╭─ Entries shown

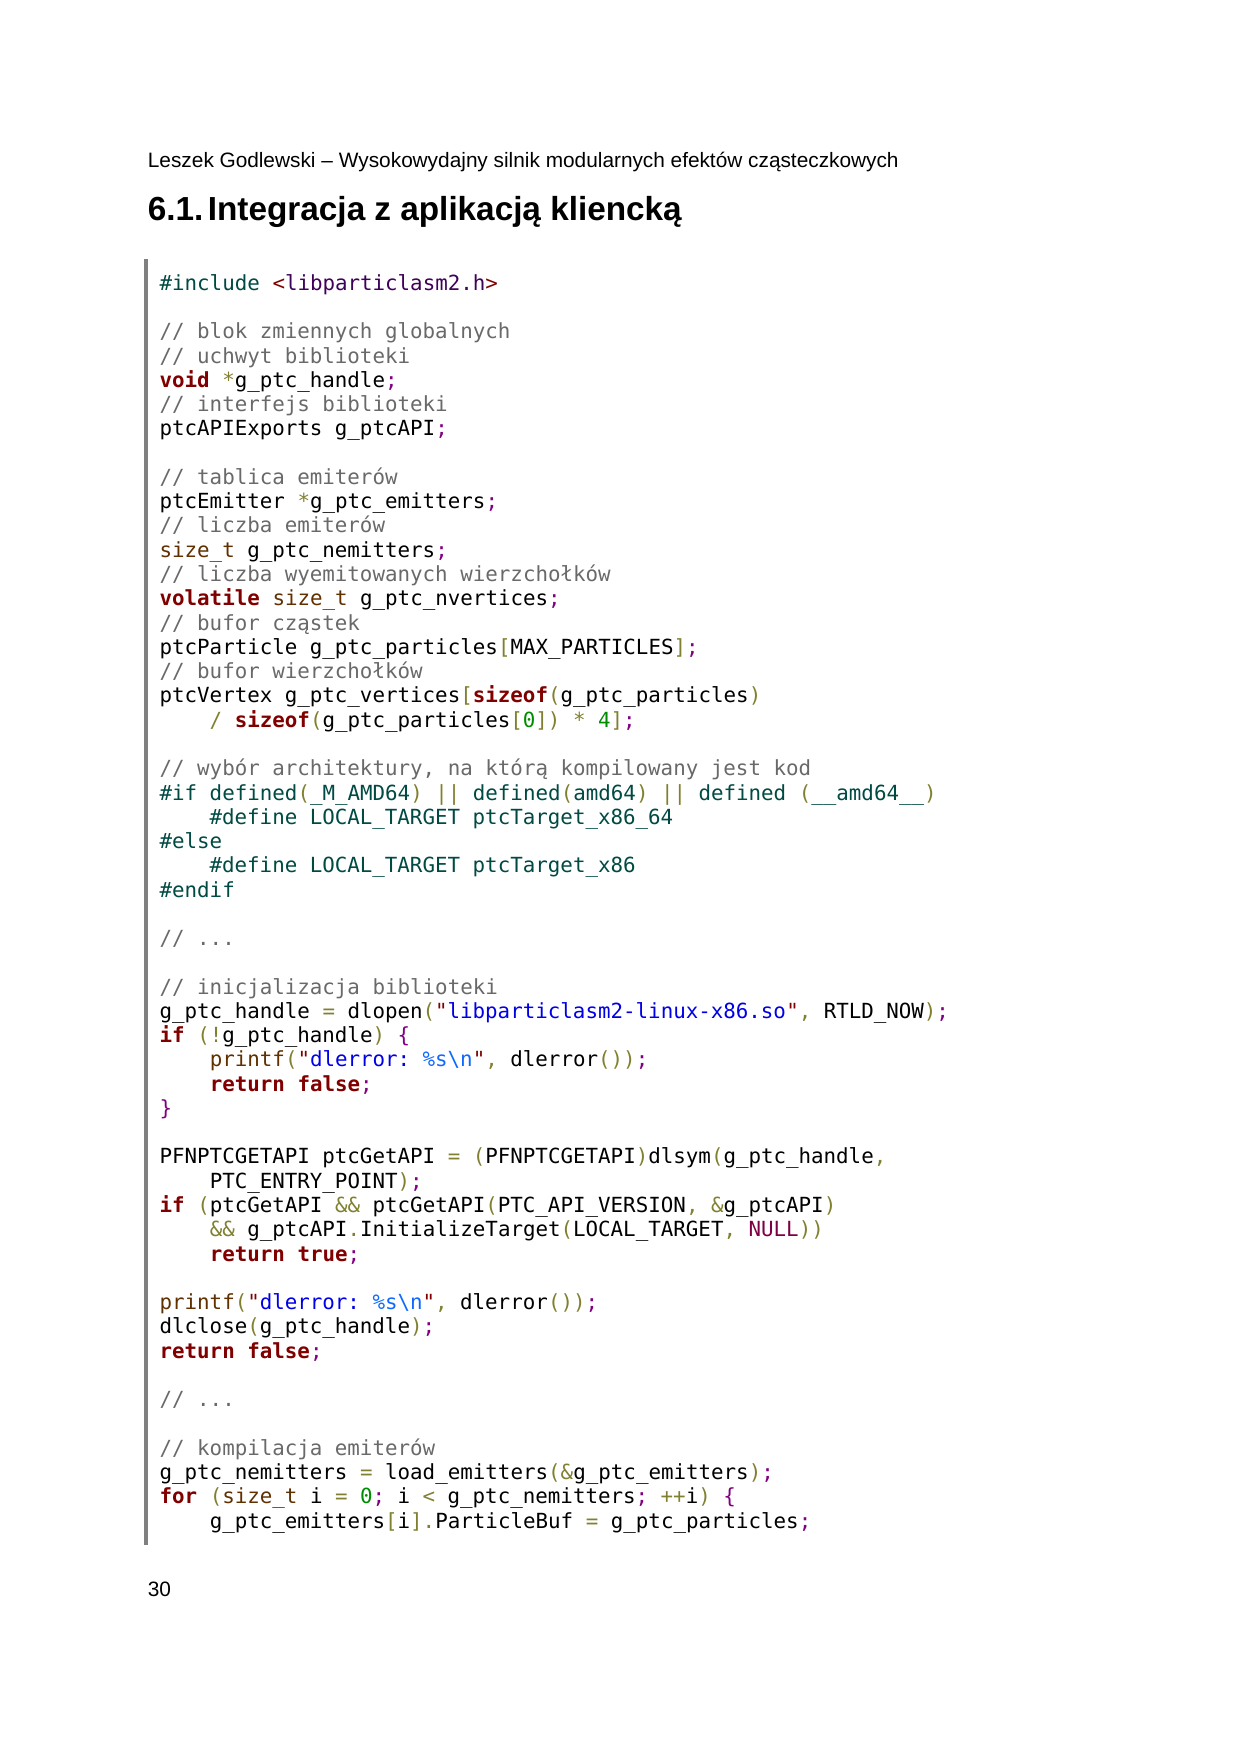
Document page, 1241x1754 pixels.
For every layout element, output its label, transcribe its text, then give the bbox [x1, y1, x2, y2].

text size_t g_ptc_nemitters; [148, 538, 1104, 562]
text // ... [148, 1387, 1104, 1412]
text // wybór architektury, na którą kompilowany jest kod [148, 756, 1104, 781]
text ptcParticle g_ptc_particles[MAX_PARTICLES]; [148, 635, 1104, 659]
text volatile size_t g_ptc_nvertices; [148, 586, 1104, 611]
text if (ptcGetAPI && ptcGetAPI(PTC_API_VERSION, &g_ptcAPI) [148, 1193, 1104, 1217]
text g_ptc_emitters[i].ParticleBuf = g_ptc_particles; [148, 1509, 1104, 1545]
text // liczba wyemitowanych wierzchołków [148, 562, 1104, 586]
text PFNPTCGETAPI ptcGetAPI = (PFNPTCGETAPI)dlsym(g_ptc_handle, [148, 1144, 1104, 1169]
text ptcEmitter *g_ptc_emitters; [148, 489, 1104, 513]
text g_ptc_handle = dlopen("libparticlasm2-linux-x86.so", RTLD_NOW); [148, 999, 1104, 1023]
text void *g_ptc_handle; [148, 368, 1104, 392]
text printf("dlerror: %s\n", dlerror()); [148, 1290, 1104, 1314]
text // blok zmiennych globalnych [148, 319, 1104, 344]
text // ... [148, 926, 1104, 950]
text #define LOCAL_TARGET ptcTarget_x86 [148, 853, 1104, 878]
text // interfejs biblioteki [148, 392, 1104, 416]
text return true; [148, 1242, 1104, 1266]
text // tablica emiterów [148, 465, 1104, 489]
text return false; [148, 1072, 1104, 1096]
text // liczba emiterów [148, 513, 1104, 538]
text // bufor wierzchołków [148, 659, 1104, 683]
text ptcVertex g_ptc_vertices[sizeof(g_ptc_particles) [148, 683, 1104, 708]
text ptcAPIExports g_ptcAPI; [148, 416, 1104, 441]
text // inicjalizacja biblioteki [148, 975, 1104, 999]
text #if defined(_M_AMD64) || defined(amd64) || defined (__amd64__) [148, 781, 1104, 805]
text && g_ptcAPI.InitializeTarget(LOCAL_TARGET, NULL)) [148, 1217, 1104, 1242]
text #include <libparticlasm2.h> [148, 259, 1104, 295]
text g_ptc_nemitters = load_emitters(&g_ptc_emitters); [148, 1460, 1104, 1484]
text PTC_ENTRY_POINT); [148, 1169, 1104, 1193]
text return false; [148, 1339, 1104, 1363]
text for (size_t i = 0; i < g_ptc_nemitters; ++i) { [148, 1484, 1104, 1509]
text / sizeof(g_ptc_particles[0]) * 4]; [148, 708, 1104, 732]
text #endif [148, 878, 1104, 902]
text #else [148, 829, 1104, 853]
text if (!g_ptc_handle) { [148, 1023, 1104, 1047]
text } [148, 1096, 1104, 1120]
text #define LOCAL_TARGET ptcTarget_x86_64 [148, 805, 1104, 829]
text // bufor cząstek [148, 611, 1104, 635]
text printf("dlerror: %s\n", dlerror()); [148, 1047, 1104, 1072]
subtitle Integracja z aplikacją kliencką [148, 189, 1092, 227]
text // kompilacja emiterów [148, 1436, 1104, 1460]
text // uchwyt biblioteki [148, 344, 1104, 368]
text dlclose(g_ptc_handle); [148, 1314, 1104, 1339]

╰─

Prompt
Could you retype exactly the lines above from the one containing "text #else [148, 829, 1104, 853]" through the last line of the records, both included, and nothing else?

The completed task
text #else [148, 829, 1104, 853]
text if (!g_ptc_handle) { [148, 1023, 1104, 1047]
text } [148, 1096, 1104, 1120]
text #define LOCAL_TARGET ptcTarget_x86_64 [148, 805, 1104, 829]
text // bufor cząstek [148, 611, 1104, 635]
text printf("dlerror: %s\n", dlerror()); [148, 1047, 1104, 1072]
subtitle Integracja z aplikacją kliencką [148, 189, 1092, 227]
text // kompilacja emiterów [148, 1436, 1104, 1460]
text // uchwyt biblioteki [148, 344, 1104, 368]
text dlclose(g_ptc_handle); [148, 1314, 1104, 1339]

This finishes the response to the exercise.